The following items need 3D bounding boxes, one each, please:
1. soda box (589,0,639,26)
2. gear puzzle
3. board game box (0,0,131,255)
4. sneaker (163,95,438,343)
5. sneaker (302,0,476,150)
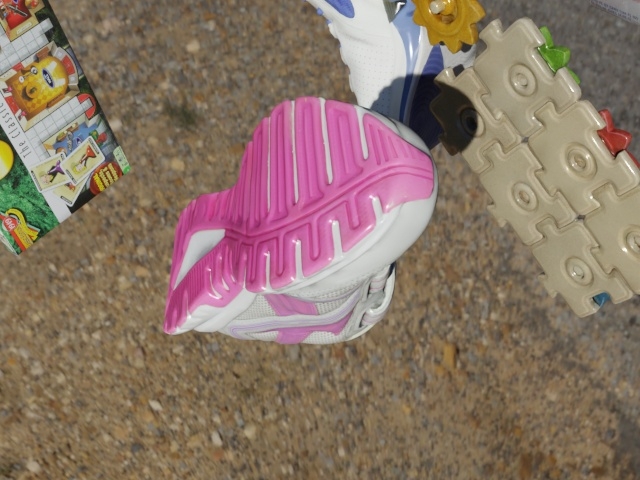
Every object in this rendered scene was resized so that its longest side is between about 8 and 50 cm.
[{"bbox_3d":[0.319,-0.179,0.670,0.263,0.092,0.083,36,80,33],"label":"soda box"},{"bbox_3d":[0.177,-0.097,0.793,0.044,0.175,0.339,-33,86,-29],"label":"gear puzzle"},{"bbox_3d":[-0.259,-0.119,0.770,0.136,0.260,0.030,-40,48,-21],"label":"board game box"},{"bbox_3d":[0.000,0.000,0.527,0.111,0.252,0.103,13,72,-24],"label":"sneaker"},{"bbox_3d":[0.048,-0.243,0.952,0.182,0.316,0.127,22,42,36],"label":"sneaker"}]

───

**Exercise goal**.
In the copy, every entry appears exactly as written above and no picture appears.

**Task output**.
The following items need 3D bounding boxes, one each, please:
1. soda box (589,0,639,26)
2. gear puzzle
3. board game box (0,0,131,255)
4. sneaker (163,95,438,343)
5. sneaker (302,0,476,150)
Every object in this rendered scene was resized so that its longest side is between about 8 and 50 cm.
[{"bbox_3d":[0.319,-0.179,0.670,0.263,0.092,0.083,36,80,33],"label":"soda box"},{"bbox_3d":[0.177,-0.097,0.793,0.044,0.175,0.339,-33,86,-29],"label":"gear puzzle"},{"bbox_3d":[-0.259,-0.119,0.770,0.136,0.260,0.030,-40,48,-21],"label":"board game box"},{"bbox_3d":[0.000,0.000,0.527,0.111,0.252,0.103,13,72,-24],"label":"sneaker"},{"bbox_3d":[0.048,-0.243,0.952,0.182,0.316,0.127,22,42,36],"label":"sneaker"}]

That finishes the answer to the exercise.